Several of the protesters tried to enter the auction room but were denied entrance. One of them was told they needed a $50,000 deposit cheque if they wanted to attend. Valeria Lockwood, Bahrami's real estate agent, said that the protesters' warnings were not needed.

"There's nothing new here," she said, looking at the protesters' flier. "[The investors] all went to city hall and got all [of the] information. This is not new. They all know about it."

Lockwood also said that it is up to the potential buyers to decide what they would do with the building. "Of course lots of buyers wanted to get out of SRO," she said. "They want to do something more desirable and nice. If the city allows it, it's good. If the city doesn't allow it, they're going to do their best to make it nice. The little rooms are destroyed and small. It's not a livable place. Even people with low income, I think, deserve better."

Price nearly tripled in four years

A North Vancouver based developer bought the building for $1.45 million, more than $1 million less than the seller's original asking price. Bahrami paid $550,000 for the building in 2003.
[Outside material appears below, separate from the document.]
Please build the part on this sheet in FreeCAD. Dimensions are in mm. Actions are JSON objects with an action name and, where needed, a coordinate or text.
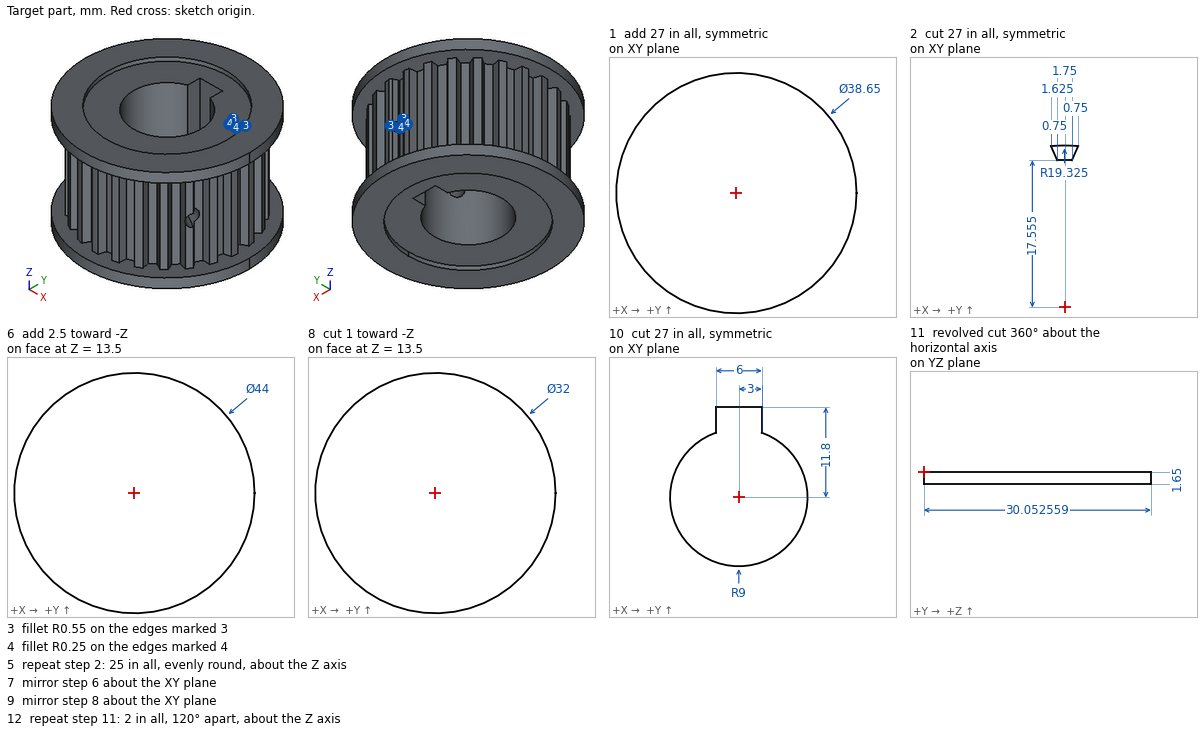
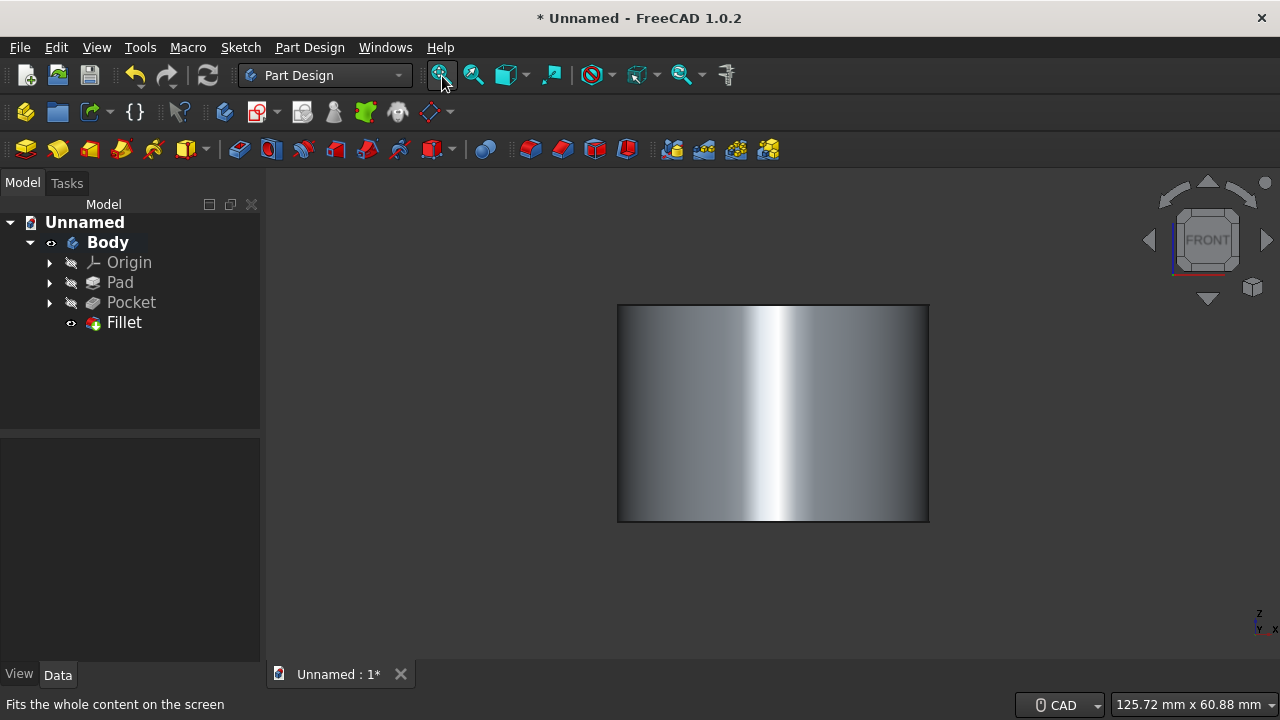
{"action": "key", "text": "3"}

Ahmad Negahban, one of the developer's representatives, said they were not influenced by the protesters but they are sympathetic to their cause. "I understand. We all understand. But at the same time we have to look at the market and how it's moving," he said. Their plans are to completely renovate the inside of the building but to likely keep three floors -- 15 suites -- for SRO as mandated by the city, he said. He also said they don't want to get into any fights with housing advocates or with the city.

"We don't want to go to through any battles. We don't want to go anywhere like that. We're just doing building construction and renovation and we try to make things better."
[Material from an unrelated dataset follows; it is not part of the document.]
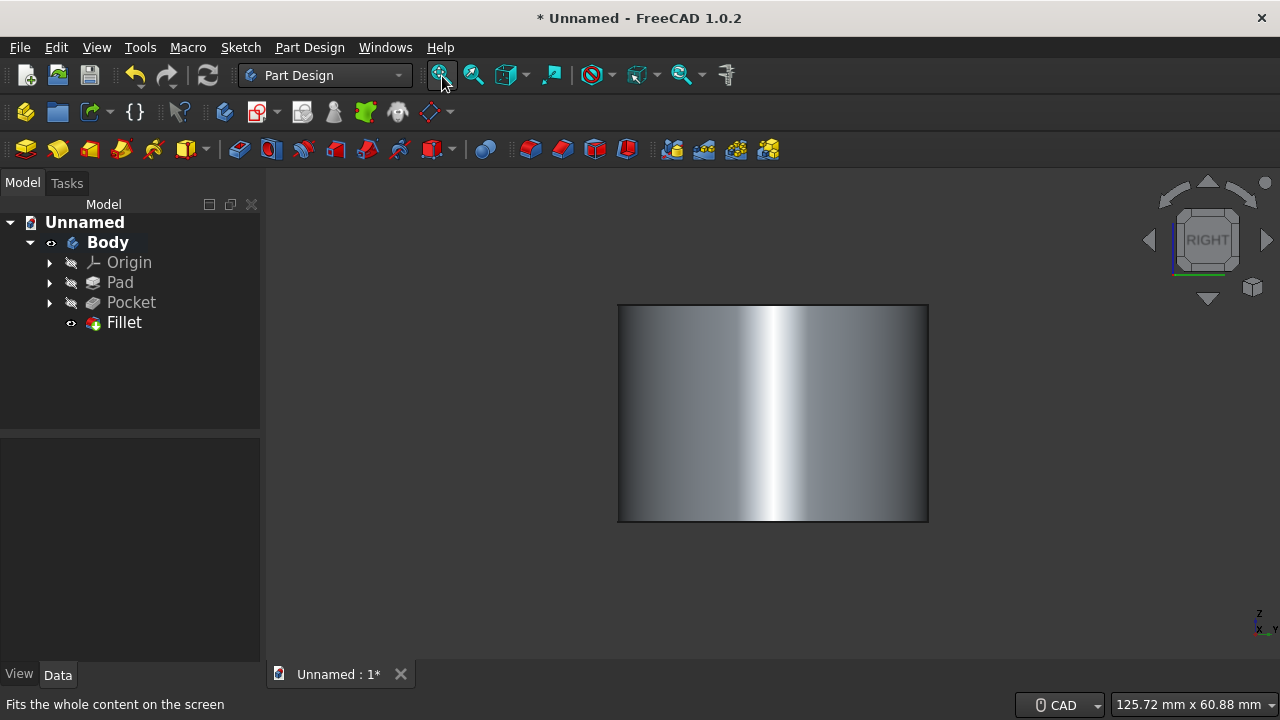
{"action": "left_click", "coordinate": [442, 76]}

Private sector fails on low-income housing

On Wednesday, 40 more SRO rooms were lost when tenants of the Piccadilly Hotel were evicted. Eby said that private real estate buyers and sellers like Bahrami are not really to blame for the lack of affordable housing. "I have a hard time blaming this guy for trying to make $2 million. There are a lot of people that would try to make $2 million if they could," he said. "What this whole story reflects is the failure of the private sector to provide quality housing to low-income housing individuals. Because there will always be speculation and there will always be someone trying to make a buck at the expense of our most marginalized residents."
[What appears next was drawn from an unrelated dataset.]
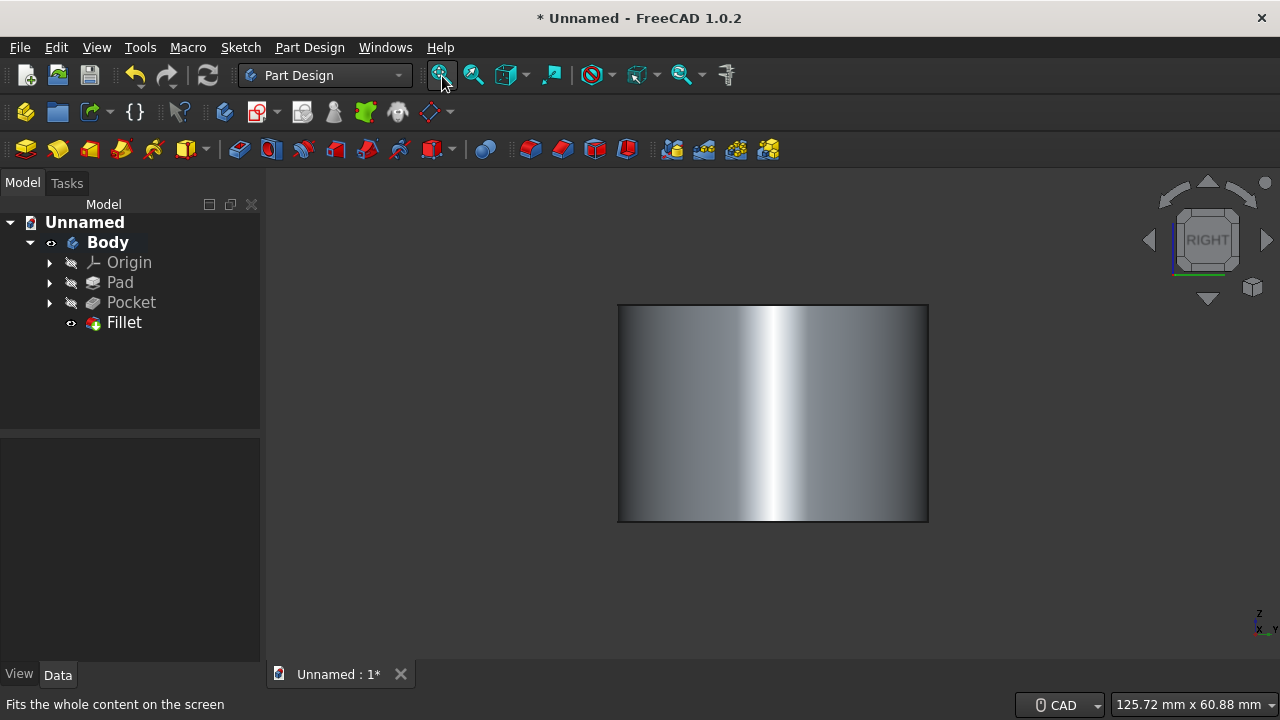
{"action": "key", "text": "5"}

For every SRO unit gained, it seems like at least one is lost, Eby said. "We're just keeping even and we've got an ever-increasing number of homeless people on the street. It's a little bit overwhelming with the government at the provincial and municipal and federal levels, I mean, they're all just so indifferent to what's happening down here and people ending up on the street when these buildings close or convert to student housing or when the rents go up."